Dr. Bray Links

Wednesday, December 21, 2016


Although taurine deficiency is rare in neonates, it is perhaps inevitable with advancing age. Healthy elderly patients ages 61 to 81 have up to a 49% decrease in plasma taurine concentration compared with healthy individuals ages 27 to 57.124 While reduced renal retention125 and taurine intake126 can account for depressed taurine levels, Eppler and Dawson127 found that tissue and circulating taurine concentrations decrease over the human life span primarily due to an age-dependent depletion of CSD activity in the liver. This effectively impairs the biosynthesis of endogenous taurine from cysteine or methionine or both, forcing a greater reliance on exogenous sources.

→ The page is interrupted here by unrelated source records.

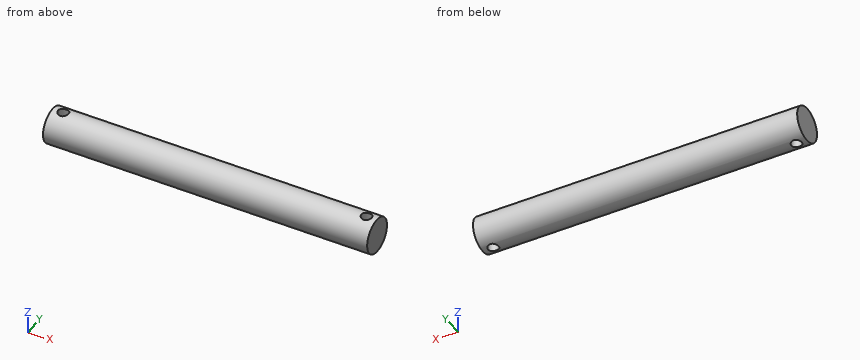
```python
from build123d import *

# Parameters (mm, degrees)
CROQUIS1_R                        = 5
SALIENTE_EXTRUIR1_DEPTH           = 93
CORTAR_EXTRUIR1_REACH             = 7
CROQUIS2_R                        = 1.5
CORTAR_EXTRUIR1_DIRECTION_2_REACH = 7


with BuildPart() as part:
    # Croquis1 → Saliente-Extruir1 (new body)
    with BuildSketch(Plane(origin=(0, 0, 0), x_dir=(0, 0, -1), z_dir=(1, 0, 0))):
        Circle(CROQUIS1_R)
    extrude(amount=SALIENTE_EXTRUIR1_DEPTH)

    # Croquis2 → Cortar-Extruir1 (cut, up to next)
    with BuildSketch(Plane.XY, mode=Mode.PRIVATE) as cortar_extruir1_sk1:
        with Locations((3, 0)):
            Circle(CROQUIS2_R)
    cortar_extruir1_tool1 = extrude(cortar_extruir1_sk1.sketch, amount=-CORTAR_EXTRUIR1_REACH, mode=Mode.PRIVATE) & part.part
    add(cortar_extruir1_tool1.solids().sort_by_distance((3, 0, 0))[0], mode=Mode.SUBTRACT)
    # Croquis2 → Cortar-Extruir1 (cut, up to next)
    with BuildSketch(Plane.XY, mode=Mode.PRIVATE) as cortar_extruir1_sk2:
        with Locations((90, 0)):
            Circle(CROQUIS2_R)
    cortar_extruir1_tool2 = extrude(cortar_extruir1_sk2.sketch, amount=-CORTAR_EXTRUIR1_REACH, mode=Mode.PRIVATE) & part.part
    add(cortar_extruir1_tool2.solids().sort_by_distance((90, 0, 0))[0], mode=Mode.SUBTRACT)

    # Croquis2 → Cortar-Extruir1 direction 2 (cut, up to next)
    with BuildSketch(Plane.XY, mode=Mode.PRIVATE) as cortar_extruir1_direction_2_sk1:
        with Locations((3, 0)):
            Circle(CROQUIS2_R)
    cortar_extruir1_direction_2_tool1 = extrude(cortar_extruir1_direction_2_sk1.sketch, amount=CORTAR_EXTRUIR1_DIRECTION_2_REACH, mode=Mode.PRIVATE) & part.part
    add(cortar_extruir1_direction_2_tool1.solids().sort_by_distance((3, 0, 0))[0], mode=Mode.SUBTRACT)
    # Croquis2 → Cortar-Extruir1 direction 2 (cut, up to next)
    with BuildSketch(Plane.XY, mode=Mode.PRIVATE) as cortar_extruir1_direction_2_sk2:
        with Locations((90, 0)):
            Circle(CROQUIS2_R)
    cortar_extruir1_direction_2_tool2 = extrude(cortar_extruir1_direction_2_sk2.sketch, amount=CORTAR_EXTRUIR1_DIRECTION_2_REACH, mode=Mode.PRIVATE) & part.part
    add(cortar_extruir1_direction_2_tool2.solids().sort_by_distance((90, 0, 0))[0], mode=Mode.SUBTRACT)


solid = part.part
```
Verification items for the finished model (mm, model axes). Round coordinates to 2 decimals unless told otherwise and drop trailing zeros. Order: outer loops, then holes, each group sorted by start corner. A loop starts at its lowest first (then second) coordinate and runs counter-clockwise, first axis right, second up. Notation, with made-up numbers: (-33, 19.25) - (-11, 19.25) arc R24 cw to (-11, 48.25) - close; hole circle Ø8 at (-12.5, 77). An arc over 180 degrees is marked (long way). Use CSV: the item, a comma, the result in double quotes. Start each with the question number.
1) Go/stop test with flat-tipped pins: P1, Ø5, axis at x = 90, y = 0, coming from the +Z side; P2, Ø4, axis at x = 14, y = -3.5, coming from the +Z side; P3, Ø1.5, axis at x = 45, z = -1, coming from the -Y side; P4, Ø2, axis at x = 37, y = -3.5, coming from the -Z side. Record where each tip stops, or that it passes through.
2) Section check C-C, the plane x = 81. Record the cut outline in (y, z), plus the area to 3 significant figures.
3) Thickness scan on L1, parallel to X at y = 0, z = -2.25; L2, parallel to X at y = 0.5, z = -3.75; L3, parallel to Y at x = 90, z = -2. Record the ranges inside material, lowest first.
4) Section check A-A, the plane y = 0. Record the cut outline in (x, z), plus the area to 3 significant figures.
5) Section check D-D, the plane z = -4. Record the cut outline in (x, y), plus the area to 3 significant figures.
6) Section check B-B, the plane z = 0. Record the cut outline in (x, y), plus the area to 3 significant figures.
Answers:
1,P1,"stops at z = 5"
1,P2,"stops at z = 4.77"
1,P3,"stops at y = -4.99"
1,P4,"stops at z = -4.33"
2,outline,"circle Ø10 at (0, 0)"
2,area,"78.5 mm²"
3,L1,"x = 0 to 1.5, 4.5 to 88.5, 91.5 to 93"
3,L2,"x = 0 to 1.59, 4.41 to 88.59, 91.41 to 93"
3,L3,"y = -4.58 to -1.5, 1.5 to 4.58"
4,outline,"(0, -5) - (1.5, -5) - (1.5, 5) - (0, 5) - close; (4.5, -5) - (88.5, -5) - (88.5, 5) - (4.5, 5) - close; (91.5, -5) - (93, -5) - (93, 5) - (91.5, 5) - close"
4,area,"870 mm²"
5,outline,"(0, -3) - (93, -3) - (93, 3) - (0, 3) - close; hole circle Ø3 at (3, 0); hole circle Ø3 at (90, 0)"
5,area,"544 mm²"
6,outline,"(0, -5) - (93, -5) - (93, 5) - (0, 5) - close; hole circle Ø3 at (3, 0); hole circle Ø3 at (90, 0)"
6,area,"916 mm²"
Source: CAD feature listing. Evaluate the final solid. Frame: model axes, mm. A direction names the side the tool comes from. Give positions to 0.01 mm unless a question says otherwise; leave off trailing zeros. Order: outer loops, then holes, each group sorted by start corner. A loop starts at its lowest first (then second) coordinate and runs counter-clockwise, first axis right, second up. Notation, with made-up numbers: (67.5, -35) -> (100.5, -35) arc R18 cw to (100.5, -25) -> close; hole circle Ø3 at (29, 50). An arc over 180 degrees is marked (long way). Use CSV: the item, a comma, the result in double quotes.
```python
from build123d import *

# Parameters (mm, degrees)
SKETCH_1_W          = 94.97478029
SKETCH_1_H          = 42.97467615
SKETCH_1_W_2        = 90.97478029
SKETCH_1_H_2        = 38.97467615
EXTRUDE_1_DEPTH     = 13.5
SKETCH_2_W          = 9
SKETCH_2_H          = 9
EXTRUDE_2_DEPTH     = 13.5
SKETCH_3_R          = 1.6
CUT_EXTRUDE_1_DEPTH = 13.5
SKETCH_4_W          = 2
SKETCH_4_H          = 16.5
CUT_EXTRUDE_2_DEPTH = 8.8
FILLET_1_R          = 5
FILLET_2_R          = 0.6
SKETCH_5_W          = 4
SKETCH_5_H          = 6.600000242
CUT_EXTRUDE_3_DEPTH = 2
FILLET_3_R          = 1
SKETCH_6_W          = 6.428772381
SKETCH_6_H          = 3.6
SKETCH_6_W_2        = 9.94
SKETCH_6_H_2        = 3.75999995
CUT_EXTRUDE_4_DEPTH = 2
FILLET_4_R          = 0.5
CHAMFER_1_SIZE      = 1
CHAMFER_1_SIZE2     = 1.428148007
FILLET_5_R          = 5
CHAMFER_2_SIZE      = 0.8


with BuildPart() as part:
    # 草图1 → 凸台-拉伸1 (new body)
    with BuildSketch(Plane.XY.offset(1.6000508)):
        with Locations((45.00009017, -19.0000381)):
            Rectangle(SKETCH_1_W, SKETCH_1_H)
        with Locations((45.00009017, -19.0000381)):
            Rectangle(SKETCH_1_W_2, SKETCH_1_H_2, mode=Mode.SUBTRACT)
    extrude(amount=EXTRUDE_1_DEPTH)

    # 草图2 → 凸台-拉伸2 (add)
    with BuildSketch(Plane.XY.offset(1.6000508)):
        with Locations((4.012700025, -4.012700025)):
            Rectangle(SKETCH_2_W, SKETCH_2_H)
        with Locations((85.987480315, -4.012700025)):
            Rectangle(SKETCH_2_W, SKETCH_2_H)
        with Locations((4.012700025, -33.987376175)):
            Rectangle(SKETCH_2_W, SKETCH_2_H)
        with Locations((85.987480315, -33.987376175)):
            Rectangle(SKETCH_2_W, SKETCH_2_H)
    extrude(amount=EXTRUDE_2_DEPTH)

    # 草图3 → 切除-拉伸1 (cut)
    with BuildSketch(Plane.XY.offset(1.6000508)):
        with Locations((4.00000762, -4.00000762)):
            Circle(SKETCH_3_R)
        with Locations((86.00017272, -4.00000762)):
            Circle(SKETCH_3_R)
        with Locations((86.00017272, -34.00006858)):
            Circle(SKETCH_3_R)
        with Locations((4.00000762, -34.00006858)):
            Circle(SKETCH_3_R)
    extrude(amount=CUT_EXTRUDE_1_DEPTH, mode=Mode.SUBTRACT)

    # 草图4 → 切除-拉伸2 (cut)
    with BuildSketch(Plane.XY.offset(1.6000508)):
        with Locations((-1.487299975, -18.9999873)):
            Rectangle(SKETCH_4_W, SKETCH_4_H)
        with Locations((91.487480315, -18.939077978)):
            Rectangle(SKETCH_4_W, SKETCH_4_H)
    extrude(amount=CUT_EXTRUDE_2_DEPTH, mode=Mode.SUBTRACT)

    # 圆角1
    fillet_1_edges = [part.edges().sort_by_distance(p)[0] for p in [
        (81.487480315, -8.512700025, 8.3500508),
        (8.512700025, -29.487376175, 8.3500508),
        (81.487480315, -29.487376175, 8.3500508),
        (8.512700025, -8.512700025, 8.3500508),
    ]]
    fillet(fillet_1_edges, radius=FILLET_1_R)

    # 圆角2
    fillet_2_edges = [part.edges().sort_by_distance(p)[0] for p in [
        (-1.487299975, -27.2499873, 10.4000508),
        (-1.487299975, -10.7499873, 10.4000508),
        (91.487480315, -27.189077978, 10.4000508),
        (91.487480315, -10.689077978, 10.4000508),
    ]]
    fillet(fillet_2_edges, radius=FILLET_2_R)

    # 草图5 → 切除-拉伸3 (cut)
    with BuildSketch(Plane(origin=(0, 2.487299975, 0), x_dir=(1, 0, 0), z_dir=(0, 1, 0))):
        with Locations((30.00006096, -11.800050679)):
            Rectangle(SKETCH_5_W, SKETCH_5_H)
        with Locations((60.00011938, -11.800050679)):
            Rectangle(SKETCH_5_W, SKETCH_5_H)
    extrude(amount=-CUT_EXTRUDE_3_DEPTH, mode=Mode.SUBTRACT)

    # 圆角3
    fillet_3_edges = [part.edges().sort_by_distance(p)[0] for p in [
        (28.00006096, 1.487299975, 8.500050558),
        (32.00006096, 1.487299975, 8.500050558),
        (58.00011938, 1.487299975, 8.500050558),
        (62.00011938, 1.487299975, 8.500050558),
    ]]
    fillet(fillet_3_edges, radius=FILLET_3_R)

    # 草图6 → 切除-拉伸4 (cut)
    with BuildSketch(Plane.XZ.offset(40.487376175)):
        with Locations((71.78078399, 13.3000508)):
            Rectangle(SKETCH_6_W, SKETCH_6_H)
        with Locations((57.0001143, 13.220050825)):
            Rectangle(SKETCH_6_W_2, SKETCH_6_H_2)
    extrude(amount=-CUT_EXTRUDE_4_DEPTH, mode=Mode.SUBTRACT)

    # 圆角4
    fillet_4_edges = [part.edges().sort_by_distance(p)[0] for p in [
        (52.0301143, -39.487376175, 11.34005085),
        (61.9701143, -39.487376175, 11.34005085),
    ]]
    fillet(fillet_4_edges, radius=FILLET_4_R)

    # 倒角1
    chamfer_1_edges = [part.edges().sort_by_distance(p)[0] for p in [
        (52.0301143, -40.487376175, 13.470050825),
        (57.0001143, -40.487376175, 11.34005085),
        (61.9701143, -40.487376175, 13.470050825),
        (52.17656091, -40.487376175, 11.48649746),
        (61.823667691, -40.487376175, 11.48649746),
    ]]
    chamfer_1_side = [part.faces().sort_by_distance(p)[0] for p in [
        (44.12674601, -40.487376175, 8.107577696),
    ]]
    chamfer(chamfer_1_edges, length=CHAMFER_1_SIZE, length2=CHAMFER_1_SIZE2, reference=chamfer_1_side[0])

    # 圆角5
    fillet_5_edges = [part.edges().sort_by_distance(p)[0] for p in [
        (-2.487299975, 2.487299975, 8.3500508),
        (92.487480315, 2.487299975, 8.3500508),
        (92.487480315, -40.487376175, 8.3500508),
        (-2.487299975, -40.487376175, 8.3500508),
    ]]
    fillet(fillet_5_edges, radius=FILLET_5_R)

    # 倒角2
    chamfer_2_edges = [part.edges().sort_by_distance(p)[0] for p in [
        (92.487480315, -27.189077978, 5.7000508),
        (92.487480315, -18.939077978, 10.4000508),
        (92.487480315, -10.689077978, 5.7000508),
        (92.487480315, -27.013342047, 10.224314869),
        (92.487480315, -10.864813909, 10.224314869),
    ]]
    chamfer(chamfer_2_edges, length=CHAMFER_2_SIZE)


solid = part.part
```
1. Ray query, line 1 along X through (y, z) = (-29, 3.5); line 2 along Y through (x, z) = (27, 7.5); line 3 along X through (y, z) = (-3, 13.75). Return the intervals inside material, ascending.
Answer below:
line 1,"x = -2.49 to -0.49, 90.49 to 92.49"
line 2,"y = -40.49 to -38.49, 0.49 to 2.49"
line 3,"x = -2.49 to 2.75, 5.25 to 8.51, 81.49 to 84.75, 87.25 to 92.49"
2. Mould query, pull axis X, two halves, no side actions, for faces 1 (the cylindrical face through (82.913, -30.991, 8.445)), 2 (the flat face through (30, 2, 8.5)), 3 (the flat face through (-2, -10.75, 6)), 4 (the cylindrical face through (-1.061, 0.984, 8.445)). Classes: released by +X, released by -X, zero draft, split by the parting line, or undercut.
Answer below:
face 1,"undercut"
face 2,"undercut"
face 3,"zero draft"
face 4,"released by -X"
3. Section query D-D on z = 4.25. Count the separate pieces of the cut face and the enclosed holes in it, plus the area to 3 significant figures.
Answer below:
separate pieces,"2"
enclosed holes,"4"
area,"718 mm²"
4. Section query A-A on y = -18. Return loops of the section in (x, z), plus the area to 3 significant figures.
Answer below:
outline,"(-2.49, 10.4) -> (-0.49, 10.4) -> (-0.49, 15.1) -> (-2.49, 15.1) -> close; (90.49, 10.4) -> (91.69, 10.4) -> (92.49, 11.2) -> (92.49, 15.1) -> (90.49, 15.1) -> close"
area,"18.5 mm²"
5. Access query for faces 5 (the flat face through (45, 1, 1.6)), 6 (the flat face through (-2, -19, 10.4)), 7 (the flat face through (62, 2, 12)), 8 (the flat face through (45, 2, 15.1)), 9 (the cylindrical face through (7.009, -30.913, 8.445)). Directions: +Z, -Z, +X, -X, +Y, -Y. A direction counts if a zero-diameter tool reaches every point of the face in a straight line with its end or side. Return the directions, or none.
Answer below:
face 5,"-Z, +X, -X, +Y, -Y"
face 6,"-Z, +X, -X"
face 7,"+Z, +Y"
face 8,"+Z, +X, -X, +Y, -Y"
face 9,"+Z, -Z"
6. Section query B-B on x = 49.5. Return loops of the section in (y, z).
Answer below:
outline,"(-40.49, 1.6) -> (-38.49, 1.6) -> (-38.49, 15.1) -> (-40.49, 15.1) -> close; (0.49, 1.6) -> (2.49, 1.6) -> (2.49, 15.1) -> (0.49, 15.1) -> close"
7. Pin query (flat end, axial travel): P1, Ø2, axis at y = 2, z = 12.5, coming from the +X side; P2, Ø0.6, axis at y = 2, z = 12.5, coming from the -X side; P3, Ø3.5, axis at x = 4, y = -34, coming from the +Z side; P4, Ø1, axis at x = 30.5, y = 1, coming from the +Z side. Return the tip coordinate at first contact, or that it passes through.
Answer below:
P1,"stops at x = 91.05"
P2,"stops at x = -0.18"
P3,"stops at z = 15.1"
P4,"stops at z = 8.5"
8. Section query C-C on x = 4.5. Return loops of the section in (y, z), plus the area to 3 significant figures.
Answer below:
outline,"(-40.49, 1.6) -> (-35.52, 1.6) -> (-35.52, 15.1) -> (-40.49, 15.1) -> close; (-32.48, 1.6) -> (-29.59, 1.6) -> (-29.59, 15.1) -> (-32.48, 15.1) -> close; (-8.41, 1.6) -> (-5.52, 1.6) -> (-5.52, 15.1) -> (-8.41, 15.1) -> close; (-2.48, 1.6) -> (2.49, 1.6) -> (2.49, 15.1) -> (-2.48, 15.1) -> close"
area,"212 mm²"

While specific mechanisms have not been fully elucidated, taurine deficiency has also been identified in patients suffering from diseases including but not limited to disorders of bone (osteogenesis imperfecta, osteoporosis),128 blood (acute myelogenous leukemia),129 central nervous system (schizophrenia, Friedreich ataxia-spinocerebellar degeneration),130,131 retina (retinitis pigmentosa),132 circulatory system and heart (essential hypertension, atherosclerosis),133 digestion (Gaucher disease),134 absorption (short-bowel syndrome),135 cellular proliferation (cancer),136 and membrane channels (cystic fibrosis),137 as well as in patients restricted to long-term parenteral nutrition.138 However, the apparent correlation between taurine deficiency and these conditions does not necessarily mean causation; more study is needed to elucidate a direct connection.


Correction of late-life taurine decline in humans could be beneficial for cognitive performance, energy metabolism, sexual function, and vision, but clinical studies remain to be performed. While a decline in taurine with age may intensify the stress caused by reactive oxygen species, taurine supplementation has been shown to decrease the presence of oxidative markers127 and to serve a neuroprotective role in rodents.145,146 Taurine levels increase in the hippocampus after experimentally induced gliosis147 and are neuroprotective against glutamate excitotoxicity.148,149 Furthermore, data in Alzheimer disease, Huntington disease, and brain ischemia experimental models show that taurine inhibits neuronal death (apoptosis).13,150,151 Taurine has even been proposed as a potential preventive treatment for Alzheimer dementia, as it stabilizes protein conformations to prevent their aggregation and subsequent dysfunction.152 Although improvement in memory and cognitive performance has been linked to taurine supplementation in old mice,145,153 similar results have not been found in adult mice whose taurine levels are within normal limits. Taurine also has transient anticonvulsant effects in some epileptic humans.154

Within the male reproductive organs, the age-related decline in taurine may or may not have implications regarding sexuality, as only very limited rat data are available.89–91

In cats, taurine supplementation has been found to prevent the progressive degeneration of retinal photoreceptors seen in retinitis pigmentosa, a genetic disease that causes the loss of vision.155

While several energy drink companies have advertised that taurine plays a role in improving cognitive and physical performance, there are few human studies that examine this contention in the absence of confounding factors such as caffeine or glucose.36,37,95 Taurine supplementation in patients with heart failure has been shown to increase exercise capacity vs placebo.156 This supports the idea that in cases of taurine deficiency, such as those seen in cardiomyopathy,157 taurine supplementation could have restorative effects. However, we are not aware of any double-blind, placebo-controlled clinical trial of taurine alone in healthy patients that measured energy parameters as clinical outcomes.